In the execution plan, click the operator (e.g., Index Seek). In the Properties pane, look for:
- Object: which table/index the operator used
- Seek Predicates / Predicate: what conditions were applied
- Actual Number of Rows: what really happened vs estimates
You can also enable IO/time statistics to validate improvements:
SET STATISTICS IO ON;
SET STATISTICS TIME ON;
SELECT City
FROM dbo.BigTable
WHERE Name = 'User100';Result:
SQL Server parse and compile time:
CPU time = 0 ms, elapsed time = 0 ms.
(1 row affected)
Table 'BigTable'. Scan count 1, logical reads 2, physical reads 0, page server reads 0, read-ahead reads 0, page server read-ahead reads 0, lob logical reads 0, lob physical reads 0, lob page server reads 0, lob read-ahead reads 0, lob page server read-ahead reads 0.
(1 row affected)
SQL Server Execution Times:
CPU time = 0 ms, elapsed time = 0 ms.
SQL Server parse and compile time:
CPU time = 0 ms, elapsed time = 0 ms.
SQL Server Execution Times:
CPU time = 0 ms, elapsed time = 0 ms.
STEP 5. Index Maintenance
Over time, INSERT/UPDATE/DELETE operations can cause fragmentation in rowstore indexes.
5.1 What is Fragmentation?
Fragmentation means the logical order of pages does not match the physical order on disk.

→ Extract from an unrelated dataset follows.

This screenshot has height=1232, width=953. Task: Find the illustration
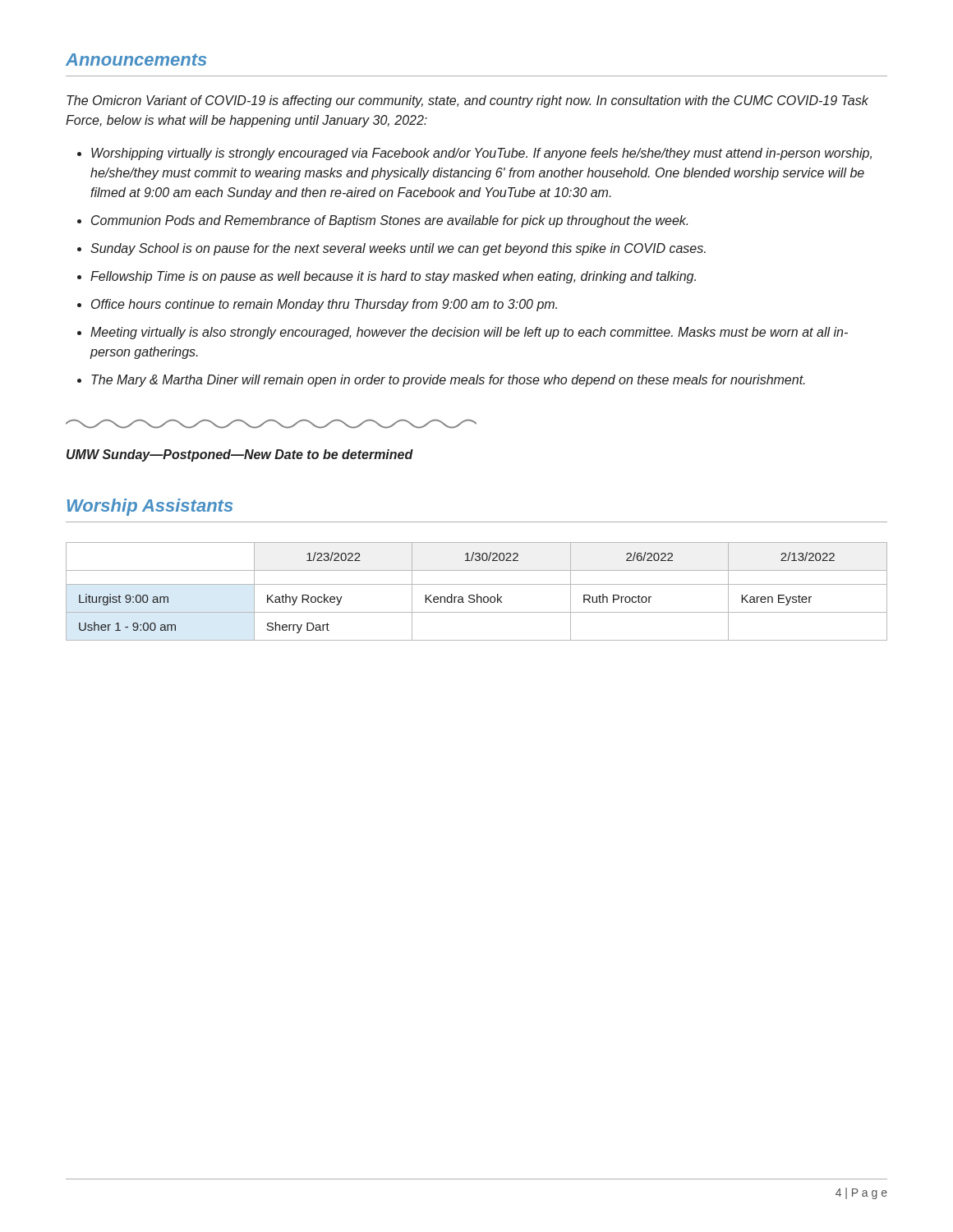click(x=476, y=424)

This can increase I/O for range scans and cause inefficient reads. However, on modern systems, a high index fragmentation percentage rarely causes noticeable performance slowdowns. In many cases, performance issues are more often caused by inefficient execution plans.
5.2 Checking Fragmentation
SELECT
OBJECT_NAME(object_id) AS TableName,
index_id,
index_type_desc,
avg_fragmentation_in_percent
FROM sys.dm_db_index_physical_stats(DB_ID(), NULL, NULL, NULL, 'LIMITED')

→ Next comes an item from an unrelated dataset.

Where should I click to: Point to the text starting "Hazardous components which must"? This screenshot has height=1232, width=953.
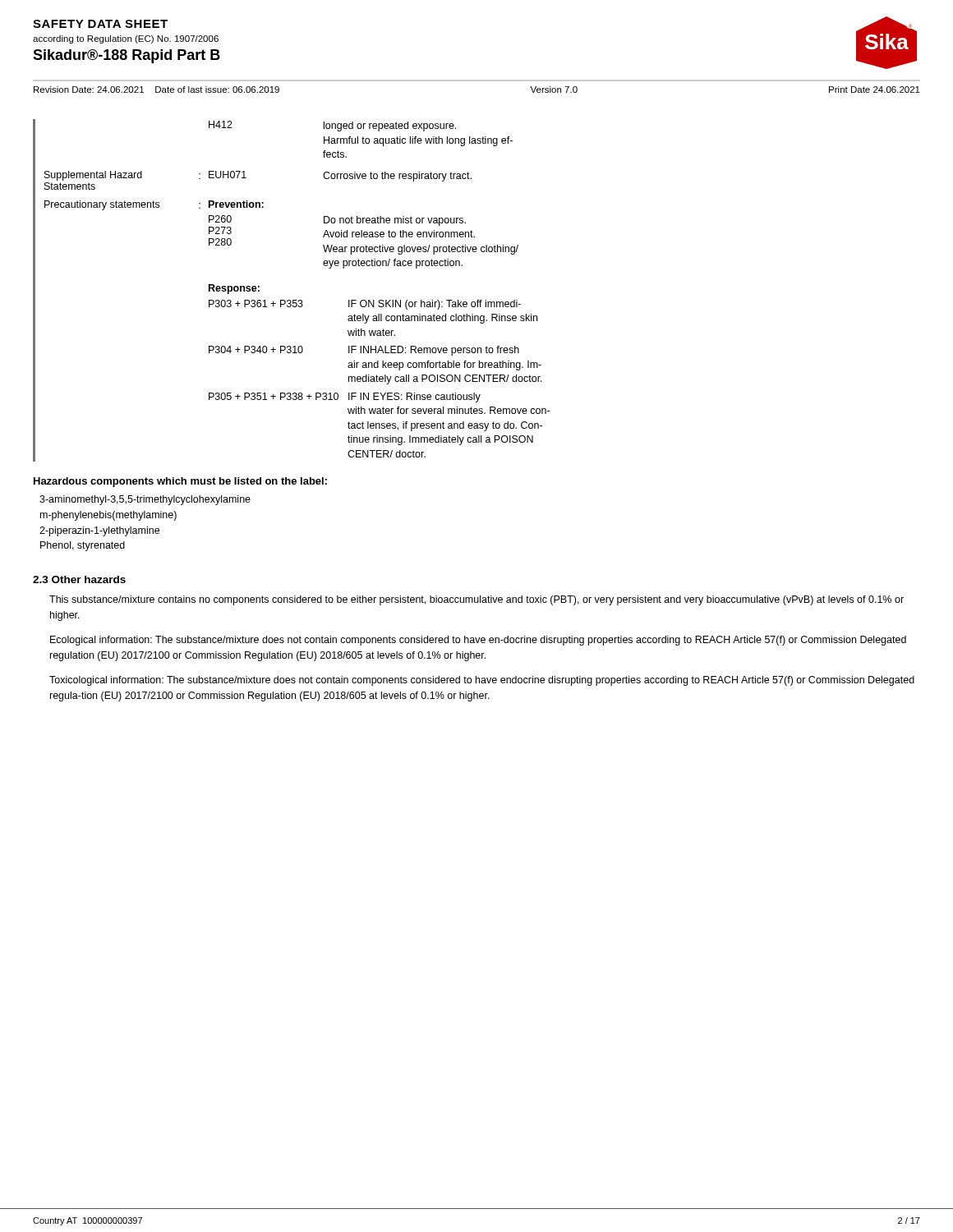click(180, 481)

WHERE object_id = OBJECT_ID('dbo.BigTable');5.3 Rebuild vs Reorganize
| Action | Typical Condition | Description |
|---|---|---|
| REORGANIZE | 5% ~ 30% | Lighter operation. Reorders leaf level pages. Usually online. Execution time can vary depending on the fragmentation level. |
| REBUILD | > 30% | Heavier operation. Drops and recreates the index. Can be offline depending on edition/options. Because rebuilding an index recreates it from scratch, the time required is usually similar when the row count is the same. |
-- Example: rebuild all indexes on the table
ALTER INDEX ALL ON dbo.BigTable REBUILD;
-- Example: reorganize one index
ALTER INDEX IX_BigTable_Name_IncludeCity ON dbo.BigTable REORGANIZE;5.4 Maintenance Notes (Columnstore / Full-Text / In-Memory)
- Columnstore: fragmentation is not handled the same way as rowstore. Typical tuning involves rowgroup health, delta store, and compression behavior rather than classic page fragmentation.
- Full-Text: maintenance is more about population (incremental/full), stoplists, and tracking changes—different from B-Tree rebuild/reorganize.
- In-Memory OLTP: no classic page fragmentation. Tuning focuses on correct index type (hash vs nonclustered) and appropriate bucket counts for hash indexes.
This concludes No.4 Indexing & Performance.